Place your plots in a single pdf file called report.pdf, and along with the plots, note down your observations about the results obtained. What patterns do they display? Do your results validate your intuition about the effect of epsilon? Did you notice anything unexpected? Do you have any ideas to further improve performance?. The report should mention what changes you made (if any) to account for non-Bernoulli rewards. It should also include other relevant details about your implementation of the algorithms (for example, if you tuned any parameters).

Place all the data generated from your experiments, as well as report.pdf, within a directory called report, and place this directory inside client.

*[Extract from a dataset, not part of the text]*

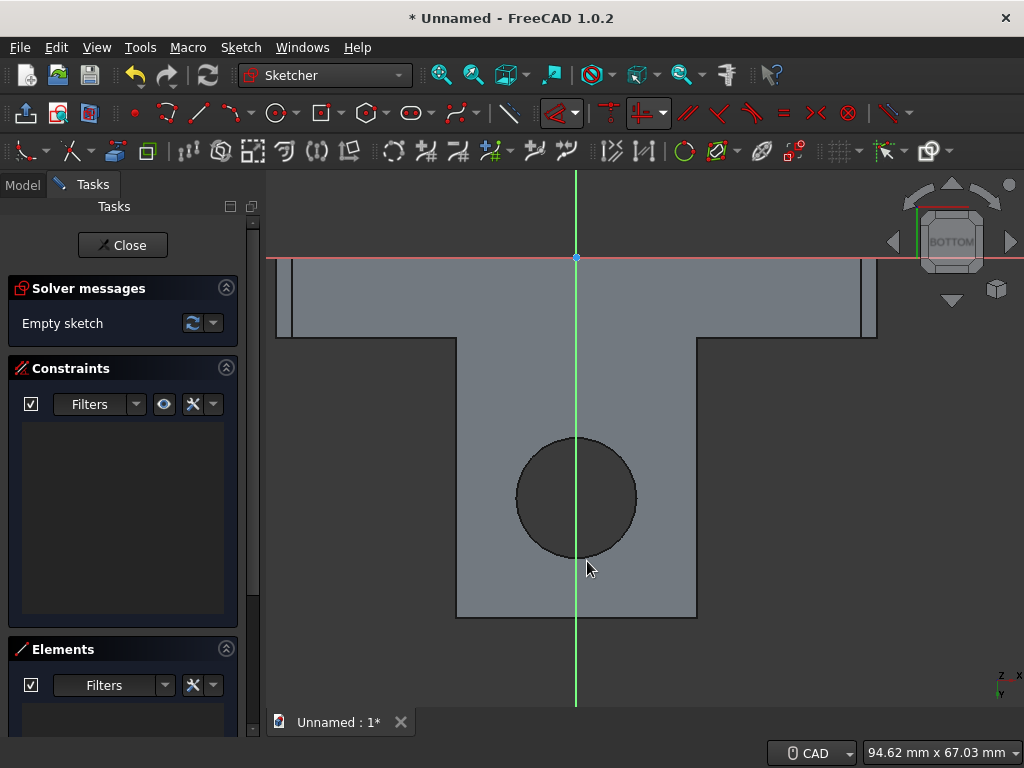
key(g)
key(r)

If you have used any external code snippets or libraries in your code, make sure you provide references in your report. It is okay to use public code for parts of your agent such as the network communication module, or, say, libraries for random number generation and sorting. However, the logic used for sampling the arms must entirely be code that you have written.

In summary: you must submit your client directory (compressed as client.tar.gz) through Moodle. The directory must contain startclient.sh, along with all the sources and executables for the agent. The client directory must also contain a directory called report, in which you provide all the data generated by your experiments, and a file called report.pdf.

Evaluation

Your algorithms will be tested on different bandit instances and horizons to verify that they perform as expected. Their performance on the two provided bandit instances, as well as your accompanying report, will carry 6 marks. The performance of the algorithms on other unseen bandit instances will carry 4 marks. For each such (algorithm, instance, horizon) configuration, a large number of runs (say 100) will be conducted by varying the random seed passed to the server and agent. The average regret over these runs will be recorded. The number of bandit arms will be between 2 and 50; the horizon will be between 1 and 100,000.

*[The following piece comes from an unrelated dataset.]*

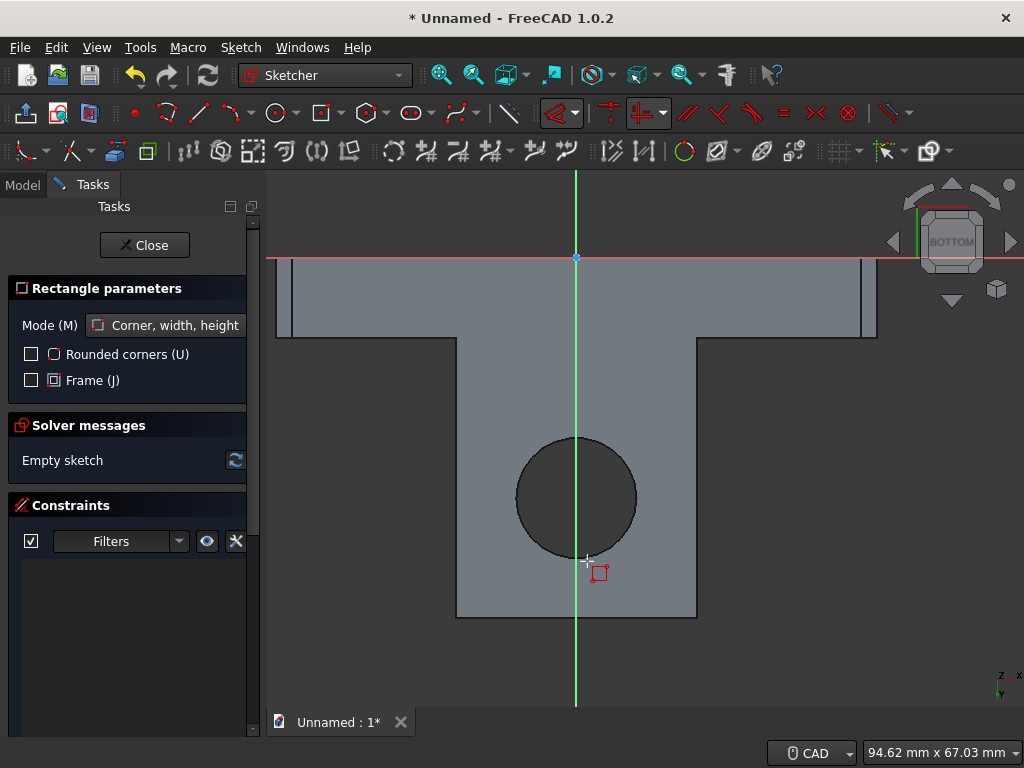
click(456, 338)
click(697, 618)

The TAs and instructor may look at your source code and notes to corroborate the results obtained by your agent, and may also call you to a face-to-face session to explain your code.

Deadline and Rules

Your submission is due by 11.55 p.m., Sunday, August 19. Finish working on your submission well in advance, keeping enough time to upload it to Moodle. Your submission will not be evaluated (and will be given a score of zero) if it is not uploaded to Moodle by the deadline.

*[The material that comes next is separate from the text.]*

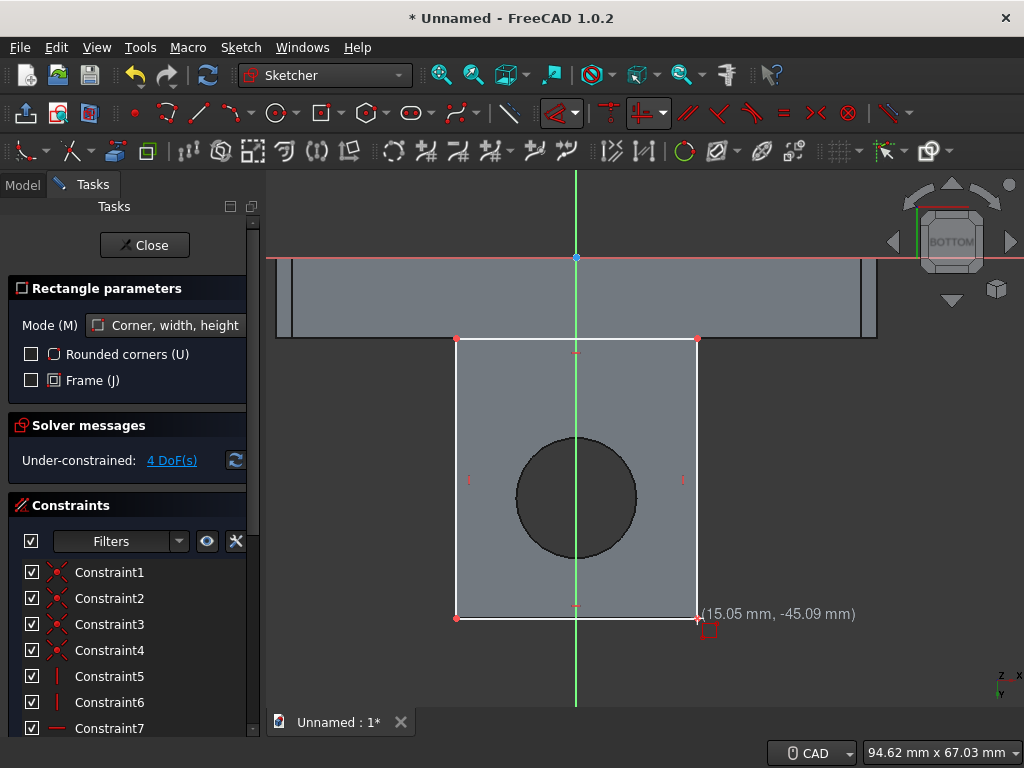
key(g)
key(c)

Before submission, make sure that your code runs for a variety of experimental conditions. Test your code on the sl2 machines even while you are developing it: do not postpone this step to the last minute. If your code requires any special libraries to run, it is your responsibility to get those libraries working on the sl2 machines (go through the CSE bug tracking system to make a request to the system administrators). Make sure that you upload the intended version of your code to Moodle (after uploading, download your submission and test it on the sl2 machines to make sure it is the correct version). You will not be allowed to alter your code in any way after the submission deadline. In short: your grade will be completely determined by your submission on Moodle at the time of the deadline. Play safe by having it uploaded and tested at least a few hours in advance.

You must work alone on this assignment. Do not share any code (whether yours or code you have found on the Internet) with your classmates. Do not discuss the design of your agent with anybody else. Do not see anybody else's code or report.